Worn Poverello House warehouse leaks, in need of repairs
The staff and volunteers at Poverello House are miracle workers.
They have been since day one in 1973 when founder Mike McGarvin saw hunger on the streets of downtown Fresno and served the first batch of peanut butter and jelly sandwiches out of the back of his car.
But there comes a time when the daily miracles collide with reality. What Poverello House needs now is your support of the $2.5 million Raise the Roof campaign to rebuild its worn-out facilities.
In truth, raising the roof won’t suffice. Poverello House is looking to renovate its entire campus at 412 F St. in downtown Fresno and complete the effort by October.
The centerpiece of the rebuild is the warehouse, which was constructed in 1943, according to the date scrawled in concrete. It is made of wood. The roof leaks. There is no air conditioning, let alone a cold-storage unit for fresh fruits and vegetables.
“When it rains, it pours inside,” says Cruz Avila, the nonprofit’s executive director. “The extreme temperatures spoil our food. And it presents serious pest-control problems.”
The warehouse should have been leveled years ago. But those at Poverello House trudged on, as they always have, doing a lot with very little.
When it rains, it pours inside. The extreme temperatures spoil our food. And it presents serious pest-control problems.
Cruz Avila, executive director of Poverello House
Renovation plans call for:
▪ A 19,000-square-foot insulated metal building with ample room for forklifts to stack pallets of food and other supplies.
▪ Commercial grade refrigeration and freezer units installed close to the kitchen. No longer would Poverello House have to rent cold-storage space elsewhere.
▪ A new operations center that will improve work efficiency and worker comfort, and result in significant energy and water savings – thus cutting Poverello House’s whopping utility bill.

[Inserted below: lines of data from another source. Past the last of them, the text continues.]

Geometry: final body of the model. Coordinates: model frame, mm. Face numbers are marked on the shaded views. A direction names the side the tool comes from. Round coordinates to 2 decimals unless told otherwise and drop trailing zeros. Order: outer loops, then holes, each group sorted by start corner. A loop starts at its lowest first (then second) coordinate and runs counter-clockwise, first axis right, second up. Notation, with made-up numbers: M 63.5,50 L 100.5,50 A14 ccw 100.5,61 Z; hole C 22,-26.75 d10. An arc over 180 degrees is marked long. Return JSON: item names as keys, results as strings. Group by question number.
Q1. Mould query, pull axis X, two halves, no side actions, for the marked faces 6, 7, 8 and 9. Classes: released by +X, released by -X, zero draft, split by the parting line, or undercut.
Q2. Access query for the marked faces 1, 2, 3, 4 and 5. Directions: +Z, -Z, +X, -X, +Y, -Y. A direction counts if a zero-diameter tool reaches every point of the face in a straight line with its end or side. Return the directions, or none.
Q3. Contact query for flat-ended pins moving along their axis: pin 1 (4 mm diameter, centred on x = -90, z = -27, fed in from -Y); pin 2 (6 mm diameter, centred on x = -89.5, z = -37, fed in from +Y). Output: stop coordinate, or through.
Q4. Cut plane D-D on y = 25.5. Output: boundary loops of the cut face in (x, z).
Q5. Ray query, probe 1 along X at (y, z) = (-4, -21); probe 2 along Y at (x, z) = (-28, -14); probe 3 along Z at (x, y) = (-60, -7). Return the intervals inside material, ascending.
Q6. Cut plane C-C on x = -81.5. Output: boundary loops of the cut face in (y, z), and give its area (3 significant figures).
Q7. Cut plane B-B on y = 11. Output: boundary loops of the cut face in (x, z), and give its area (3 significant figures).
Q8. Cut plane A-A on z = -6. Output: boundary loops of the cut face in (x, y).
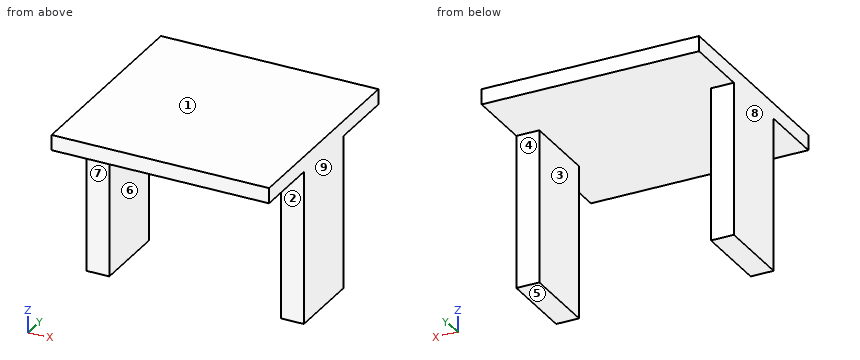
```python
from build123d import *

# Parameters (mm, degrees)
F0_W     = 72.225
F0_H     = 69.85
F1_DEPTH = 5.08
F3_DEPTH = 50.8


with BuildPart() as f1:
    # F0 (on Top) → F1 (new body)
    with BuildSketch(Plane.XY):
        with Locations((-58.976147, 0.364591)):
            Rectangle(F0_W, F0_H)
    extrude(amount=F1_DEPTH)

    # F2 (on face) → F3 (join)
    with BuildSketch(Plane(origin=(0, 0, 0), x_dir=(1, 0, 0), z_dir=(0, 0, -1))):
        Polygon((-95.088647, 12.335409), (-95.088647, -0.364591), (-95.088647, -13.064591), (-87.468647, -13.064591), (-87.468647, 12.335409), align=None)
        Polygon((-22.863647, -0.364591), (-22.863647, 12.335409), (-30.483647, 12.335409), (-30.483647, -13.064591), (-22.863647, -13.064591), align=None)
    extrude(amount=F3_DEPTH)


solid = f1.part
```
Result sheet:
{
 "1": {"face 6": "undercut", "face 7": "zero draft", "face 8": "released by -X", "face 9": "released by +X"},
 "2": {"face 1": "+Z, +X, -X, +Y, -Y", "face 2": "-Z, +X, -X, -Y", "face 3": "-Z, +Y, -Y", "face 4": "-Z, +X, -X, +Y", "face 5": "-Z, +X, -X, +Y, -Y"},
 "3": {"pin 1": "stops at y = -12.34", "pin 2": "stops at y = 13.06"},
 "4": {"outline": "M -95.09,0 L -22.86,0 L -22.86,5.08 L -95.09,5.08 Z"},
 "5": {"probe 1": "x = -95.09 to -87.47, -30.48 to -22.86", "probe 2": "y = -12.34 to 13.06", "probe 3": "z = 0 to 5.08"},
 "6": {"outline": "M -34.56,0 L 35.29,0 L 35.29,5.08 L -34.56,5.08 Z", "area": "355 mm²"},
 "7": {"outline": "M -95.09,-50.8 L -87.47,-50.8 L -87.47,0 L -30.48,0 L -30.48,-50.8 L -22.86,-50.8 L -22.86,5.08 L -95.09,5.08 Z", "area": "1,140 mm²"},
 "8": {"outline": "M -95.09,-12.34 L -87.47,-12.34 L -87.47,13.06 L -95.09,13.06 Z; M -30.48,-12.34 L -22.86,-12.34 L -22.86,13.06 L -30.48,13.06 Z"}
}

▪ An easily accessible public donation drop-off. No more driving through the tight alley between the warehouse and the kitchen.
▪ A permanent space for the Super Multi-agency Access Program Point that is operating out of a trailer. This is where clients are linked to behavioral, social, health and housing services throughout Fresno County. MAP Point is an essential tool in reducing Fresno’s population of homeless people.
▪ Permanent showers and restrooms, and improved lighting at the Village of Hope and Community of Hope temporary housing sheds.
For anyone on the fence about supporting Raise the Roof, here are a few things you should know.
Poverello House grew into a soup kitchen and then into what is today: a mission of the heart that also provides shelter, clothing, medical and dental care, showers, laundry and rehabilitation programs for people with nowhere else to turn.
Its reach extends far beyond downtown. Poverello House has become one of our community’s greatest teammates by providing hot meals, case management and social services for clients at domestic violence shelters and drug rehab facilities.
It treats people with respect and compassion. And it does not turn anyone away.
Can you imagine what Fresno’s homeless situation would be without Poverello House?
Well, let’s not imagine. Here are the facts:
It provides 1,600 hot meals daily, and it does so without knowing what amount or type of food will be on the shelf.
There are 30 residents in the six-month rehabilitation program. It has a 52 percent success rate.
About 120 people a night sleep in the temporary housing sheds. These are the bridge between homelessness and permanent housing.
Twenty-seven women a night use Naomi’s House, which is a safe haven for single, homeless women. Counseling and 12-step recovery are offered. The shelter is financed by a HUD grant and matching funds raised by Poverello House.
Eleven residents stay at Pico House, a transition home for graduates of the drug-rehab program. It derives its name from the fact it was originally located on West Pico Avenue in northwest Fresno. It is now less than a mile from Poverello House.
Nearly 300 people are treated monthly in the medical clinic. Another 33 each month receive dental services.
Last year’s donation of a $110,000 food truck by California Agricultural Leadership Foundation Class 45 and the ag community enables the Poverello House to serve hot meals in rural communities.
All of this – the lives saved, the restoration of self-respect, the breaking free of addictions, the stomachs and souls nourished – flows from the efforts of McGarvin and those who have rallied to his vision of community service.
The story of “Papa Mike” has been told many times, but it’s worth retelling. When McGarvin was growing up in San Francisco, he swerved onto the wrong path. The director of San Francisco Poverello, Father Simon Scanlan, pointed him in the right direction.
After McGarvin moved to Fresno and saw a glaring need, he answered the call.
“I attribute it to the Good Lord,” McGarvin said three years ago for a Bee story on Poverello House’s 40th anniversary. “I just kept saying, ‘I’ll do what I can. If I run out of money, well, I gave it a shot.’ ”
Back in those days, he served mostly alcoholics and drug addicts. These days, entire families show up for meals. As do seniors who have a roof over their heads, but run out of money for food at the end of the month. And so do homeless high school and college students.
Many people have been generous in their giving to Poverello House. Now it’s time to renew that support or chip in for the first time.
Let’s raise the roof and enable it to serve those in need for decades to come.